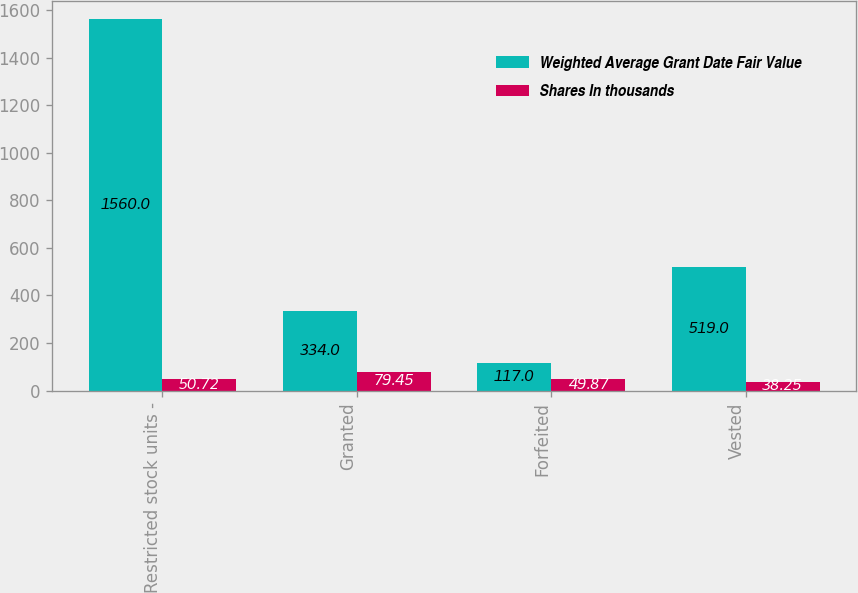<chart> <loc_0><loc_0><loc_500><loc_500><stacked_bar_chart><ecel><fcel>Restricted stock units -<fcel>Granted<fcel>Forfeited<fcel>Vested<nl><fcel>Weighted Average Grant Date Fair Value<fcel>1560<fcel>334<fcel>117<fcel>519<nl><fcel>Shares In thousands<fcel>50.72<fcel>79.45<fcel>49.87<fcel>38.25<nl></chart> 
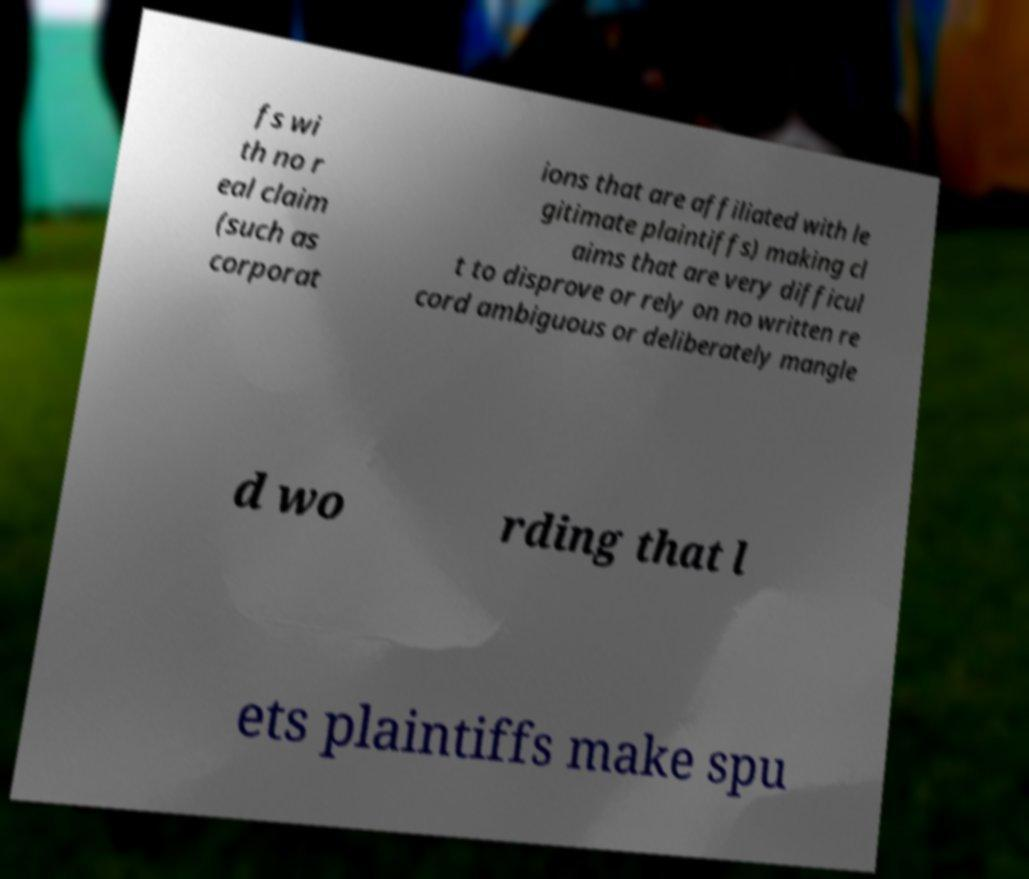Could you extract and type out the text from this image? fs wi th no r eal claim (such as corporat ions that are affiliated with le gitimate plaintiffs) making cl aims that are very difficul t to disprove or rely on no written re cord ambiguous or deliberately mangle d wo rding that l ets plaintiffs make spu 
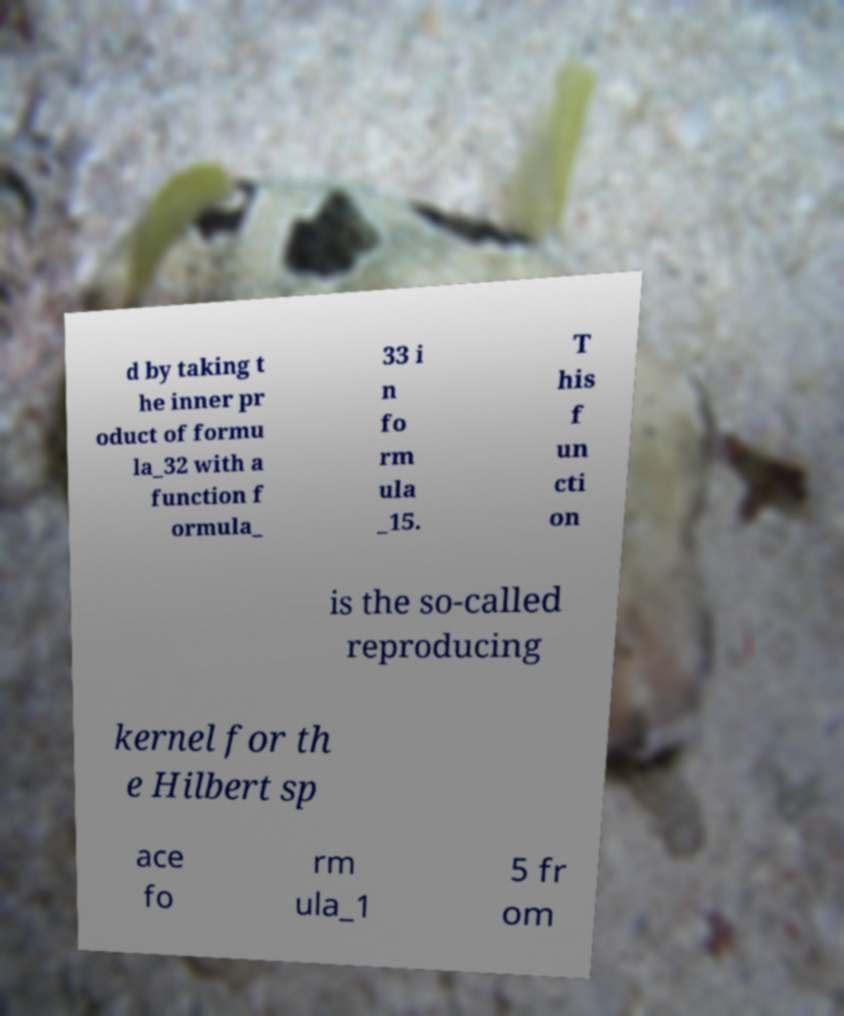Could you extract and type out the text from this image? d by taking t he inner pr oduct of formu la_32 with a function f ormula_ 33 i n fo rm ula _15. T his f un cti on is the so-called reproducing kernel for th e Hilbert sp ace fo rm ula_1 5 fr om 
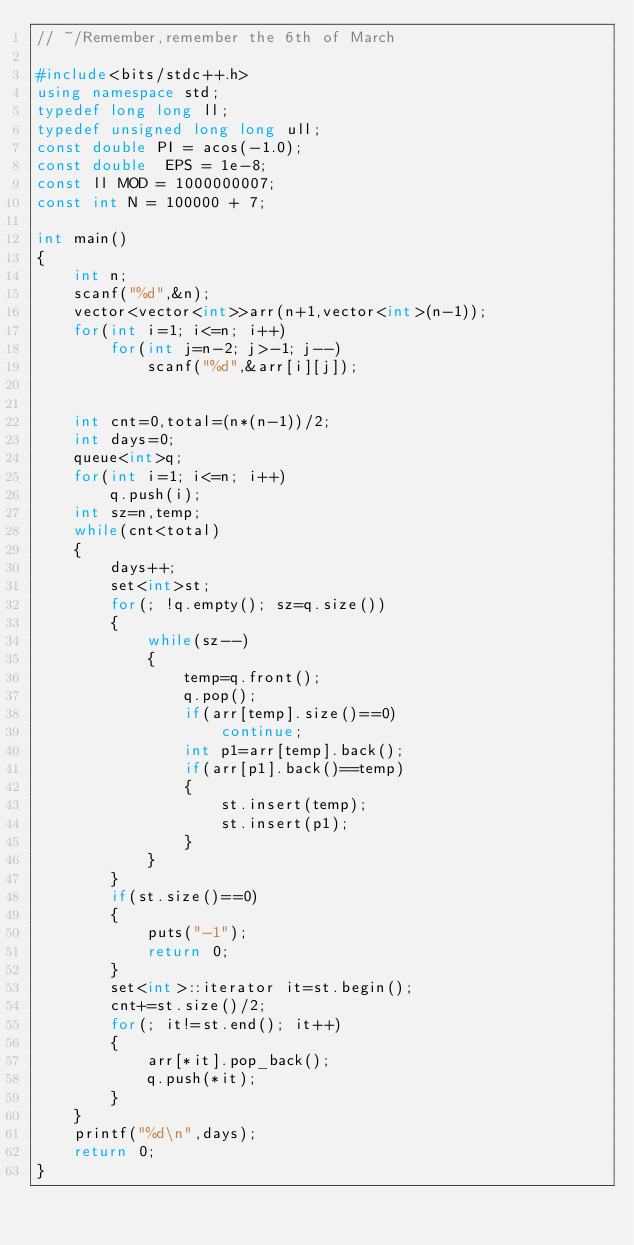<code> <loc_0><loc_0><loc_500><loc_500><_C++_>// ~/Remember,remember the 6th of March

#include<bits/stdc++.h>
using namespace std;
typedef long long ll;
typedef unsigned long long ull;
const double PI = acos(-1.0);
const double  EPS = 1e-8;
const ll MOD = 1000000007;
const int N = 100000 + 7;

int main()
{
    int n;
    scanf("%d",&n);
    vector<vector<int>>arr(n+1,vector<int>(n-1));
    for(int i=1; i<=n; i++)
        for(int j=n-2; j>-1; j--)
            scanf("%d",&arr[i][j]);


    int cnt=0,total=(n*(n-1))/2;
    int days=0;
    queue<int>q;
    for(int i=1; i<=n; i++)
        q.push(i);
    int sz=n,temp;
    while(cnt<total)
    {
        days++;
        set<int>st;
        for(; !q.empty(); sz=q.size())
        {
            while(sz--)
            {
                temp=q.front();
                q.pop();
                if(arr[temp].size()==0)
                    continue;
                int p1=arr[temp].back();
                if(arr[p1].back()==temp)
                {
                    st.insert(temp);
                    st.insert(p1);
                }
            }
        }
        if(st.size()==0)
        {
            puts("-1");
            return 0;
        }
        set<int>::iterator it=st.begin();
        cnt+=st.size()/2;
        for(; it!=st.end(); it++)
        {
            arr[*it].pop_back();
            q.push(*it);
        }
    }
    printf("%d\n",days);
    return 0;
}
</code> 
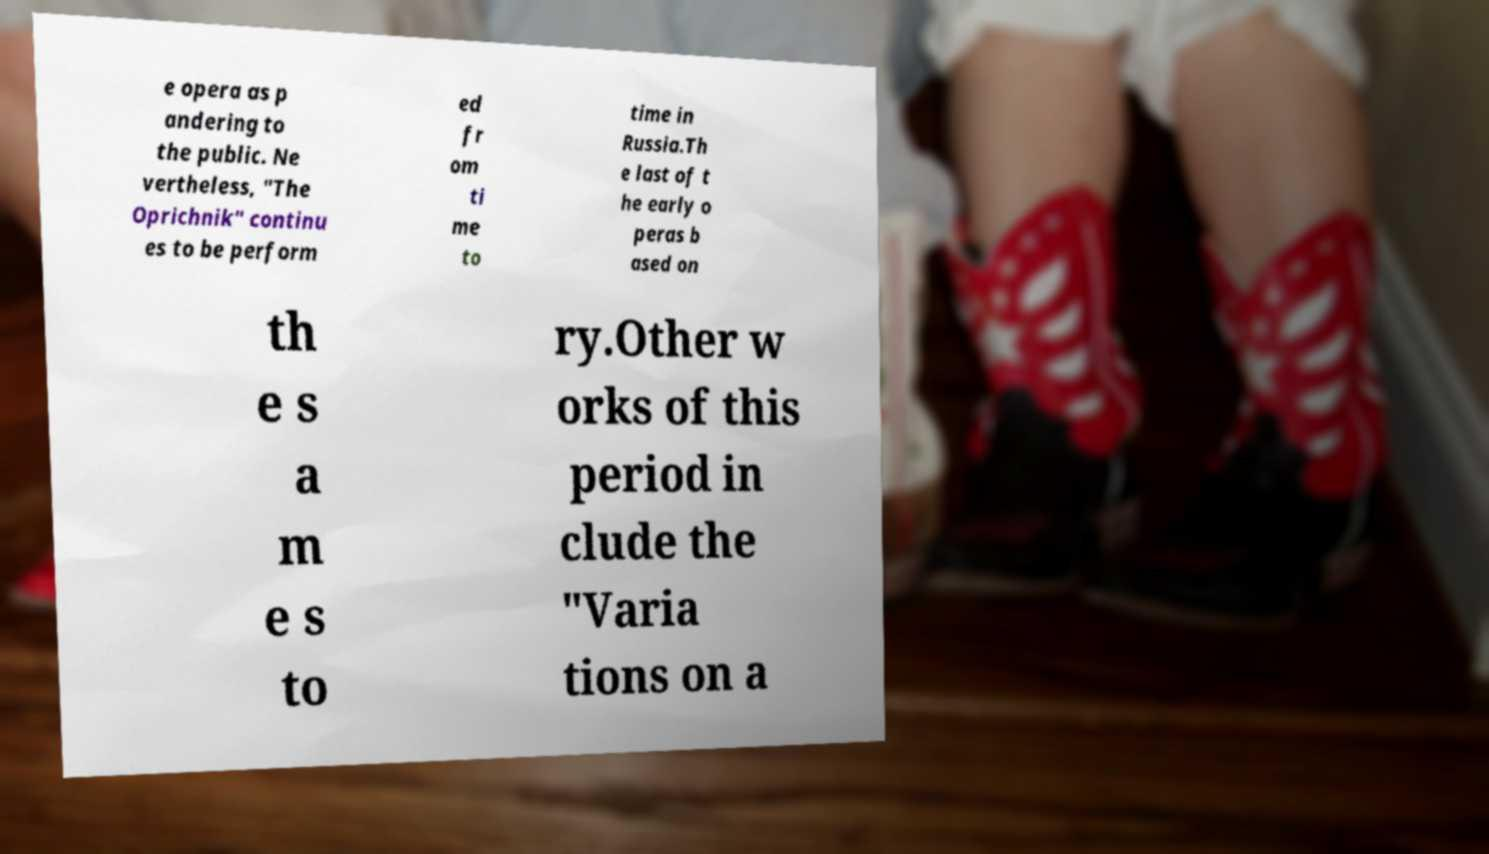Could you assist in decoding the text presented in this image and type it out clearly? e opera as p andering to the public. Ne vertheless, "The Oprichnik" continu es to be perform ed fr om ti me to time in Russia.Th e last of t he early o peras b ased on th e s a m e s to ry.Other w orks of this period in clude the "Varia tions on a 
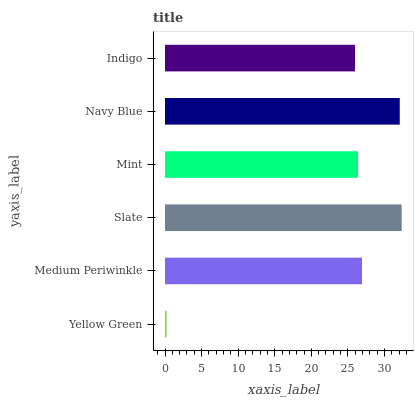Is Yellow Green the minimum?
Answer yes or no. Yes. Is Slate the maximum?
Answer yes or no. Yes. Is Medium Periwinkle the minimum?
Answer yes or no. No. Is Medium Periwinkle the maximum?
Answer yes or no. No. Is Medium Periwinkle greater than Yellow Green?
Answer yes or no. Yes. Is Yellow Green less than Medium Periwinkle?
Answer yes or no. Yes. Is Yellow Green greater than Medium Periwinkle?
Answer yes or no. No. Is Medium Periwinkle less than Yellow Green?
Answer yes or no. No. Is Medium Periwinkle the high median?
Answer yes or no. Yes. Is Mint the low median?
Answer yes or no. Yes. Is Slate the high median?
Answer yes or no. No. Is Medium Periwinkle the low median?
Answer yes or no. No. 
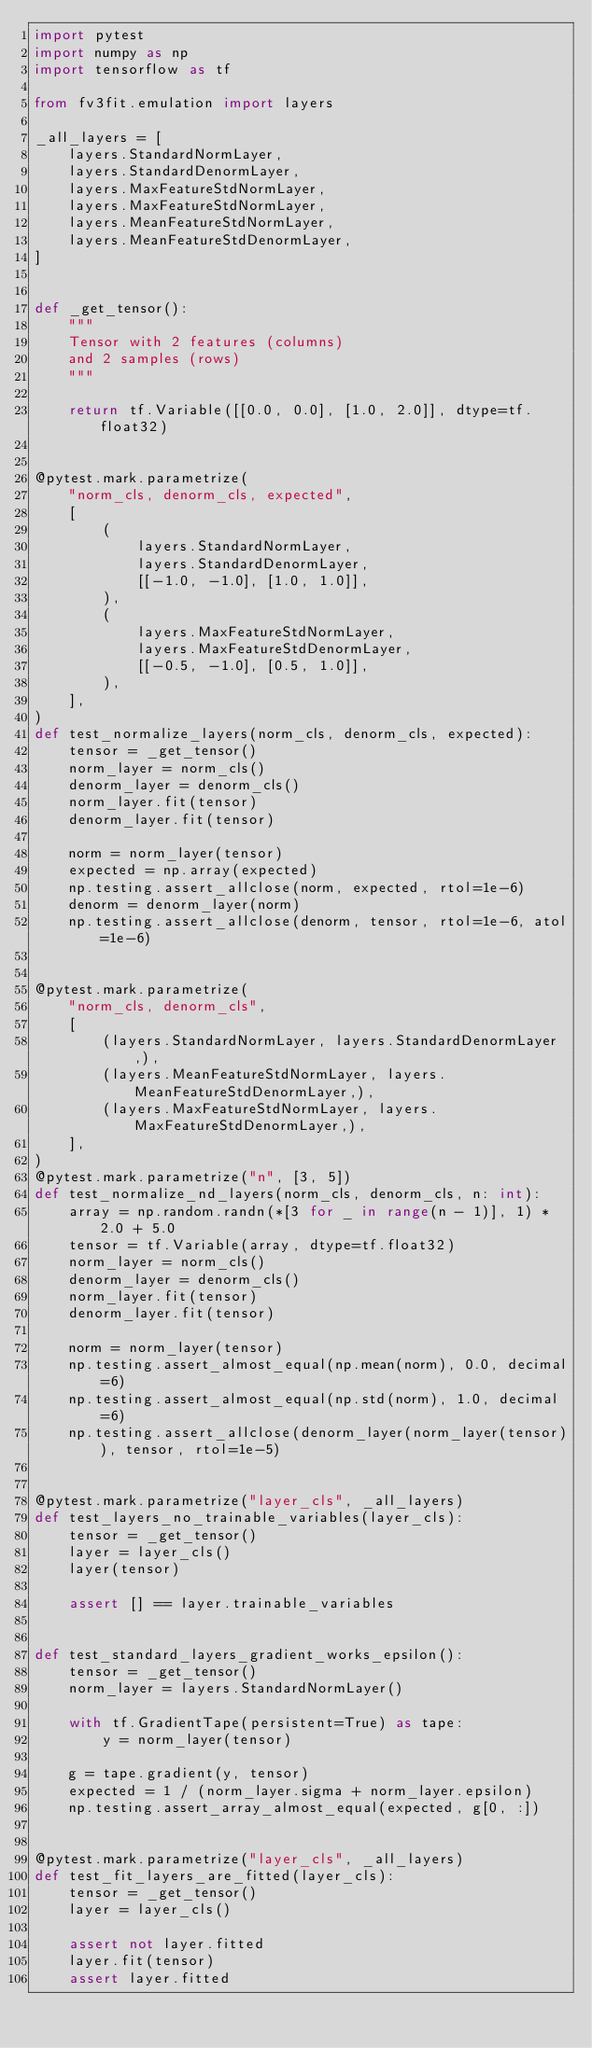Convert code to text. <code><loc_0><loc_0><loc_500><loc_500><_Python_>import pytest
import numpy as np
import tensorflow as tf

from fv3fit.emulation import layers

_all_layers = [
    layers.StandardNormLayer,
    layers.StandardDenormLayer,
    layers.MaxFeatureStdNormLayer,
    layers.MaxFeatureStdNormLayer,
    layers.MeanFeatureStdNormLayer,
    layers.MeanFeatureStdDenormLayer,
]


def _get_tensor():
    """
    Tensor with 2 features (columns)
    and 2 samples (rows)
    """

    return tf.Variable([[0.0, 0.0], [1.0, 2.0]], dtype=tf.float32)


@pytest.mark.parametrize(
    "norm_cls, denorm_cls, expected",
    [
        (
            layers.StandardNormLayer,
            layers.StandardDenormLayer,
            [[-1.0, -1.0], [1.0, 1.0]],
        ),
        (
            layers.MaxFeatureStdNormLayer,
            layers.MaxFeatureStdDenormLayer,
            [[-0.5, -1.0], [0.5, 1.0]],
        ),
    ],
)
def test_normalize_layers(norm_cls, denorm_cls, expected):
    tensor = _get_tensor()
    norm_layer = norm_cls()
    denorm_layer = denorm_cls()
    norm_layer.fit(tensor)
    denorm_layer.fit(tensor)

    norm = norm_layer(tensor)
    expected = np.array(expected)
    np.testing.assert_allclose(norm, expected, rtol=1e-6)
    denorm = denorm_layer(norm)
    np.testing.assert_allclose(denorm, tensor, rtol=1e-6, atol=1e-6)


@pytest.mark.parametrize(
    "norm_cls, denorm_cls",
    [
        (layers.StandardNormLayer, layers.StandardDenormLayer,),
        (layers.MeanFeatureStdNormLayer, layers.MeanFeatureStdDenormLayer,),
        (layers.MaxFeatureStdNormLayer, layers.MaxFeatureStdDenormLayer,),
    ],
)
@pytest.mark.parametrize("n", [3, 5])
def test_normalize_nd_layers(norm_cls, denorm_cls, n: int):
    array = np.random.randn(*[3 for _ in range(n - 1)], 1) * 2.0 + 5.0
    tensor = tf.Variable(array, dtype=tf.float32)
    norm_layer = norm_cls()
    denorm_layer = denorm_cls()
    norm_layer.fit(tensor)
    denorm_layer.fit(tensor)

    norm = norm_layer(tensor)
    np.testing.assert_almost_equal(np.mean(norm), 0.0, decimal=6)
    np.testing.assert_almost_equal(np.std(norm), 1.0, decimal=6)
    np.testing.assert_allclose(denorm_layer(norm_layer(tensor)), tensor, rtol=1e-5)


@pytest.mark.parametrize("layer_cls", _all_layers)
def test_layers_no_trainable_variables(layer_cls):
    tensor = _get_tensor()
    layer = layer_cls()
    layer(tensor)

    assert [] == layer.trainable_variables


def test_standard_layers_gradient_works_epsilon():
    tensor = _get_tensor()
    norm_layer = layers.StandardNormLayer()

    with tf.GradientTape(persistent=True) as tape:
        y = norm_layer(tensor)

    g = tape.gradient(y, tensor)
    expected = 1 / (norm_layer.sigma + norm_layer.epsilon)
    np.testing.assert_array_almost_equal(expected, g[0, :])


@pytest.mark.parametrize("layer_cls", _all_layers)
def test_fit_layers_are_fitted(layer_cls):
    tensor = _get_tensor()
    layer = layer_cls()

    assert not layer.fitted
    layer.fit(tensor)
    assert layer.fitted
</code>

#### What is being asked
Could you return the lines in the entries above that contain "size"?

#### Task solution
        for(; !q.empty(); sz=q.size())
                if(arr[temp].size()==0)
        if(st.size()==0)
        cnt+=st.size()/2;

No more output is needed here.